Any company that doesn’t understand that may not be a great environment. Find that job that offers some real motivation and is in an industry you love and are passionate about. A great management team is also a major plus, so ask questions about the atmosphere and expectations at the new place.

A job where employees watch the clock all day for 5 o’clock may not be super motivating. Don’t be like the Office Space Initech team.

If Starting A Business, Get Started Early

Estimates put the number of small businesses in the U.S. at about 33 million. Many Americans dream of ditching the cubicle scene and getting their hands dirty with great American capitalism. But leaving without a plan in place can leave a new business owner high and dry should things not pan out right away.

It’s not wise to jump for a boat that’s too far away from the dock. Instead, form that business plan and get started earlier with that new idea. Use nights and weekends to get your new endeavor off the ground, and having some extra savings also helps. Going from a nice well-paying job to zero income can be a recipe for disaster.

Instead, get that boat closer to the dock before jumping aboard and choosing to quit your job. When your new business is making some money, and that side income is getting closer to the day job salary, that’s a better time to make the leap.
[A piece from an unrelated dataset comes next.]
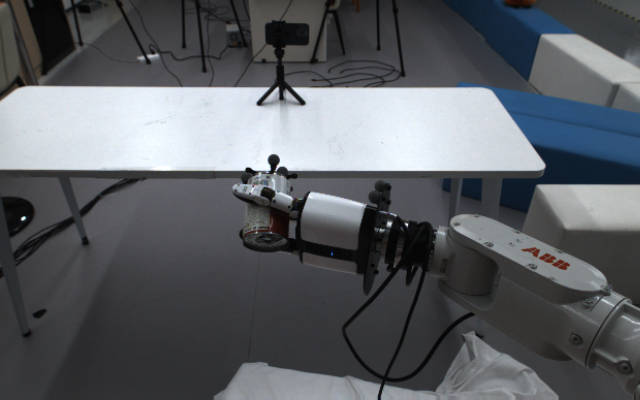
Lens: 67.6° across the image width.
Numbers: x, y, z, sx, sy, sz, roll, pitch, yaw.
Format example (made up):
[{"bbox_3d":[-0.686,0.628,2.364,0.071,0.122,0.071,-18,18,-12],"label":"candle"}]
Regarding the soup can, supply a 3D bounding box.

When it comes to quitting that regular job and venturing out on your own, the Boy Scout motto of “being prepared” can literally pay big dividends.

“Some business owners dive in headfirst without looking and make things up as they go along,” Forbes notes. “The best way to accomplish any business or personal goal is to write out every possible step to achieve it. Then, order those steps by what needs to happen first. Some steps may take minutes, while others take a long time. The point is always to take the next step.”

One of those steps is leaving your own version of Dunder Mifflin behind.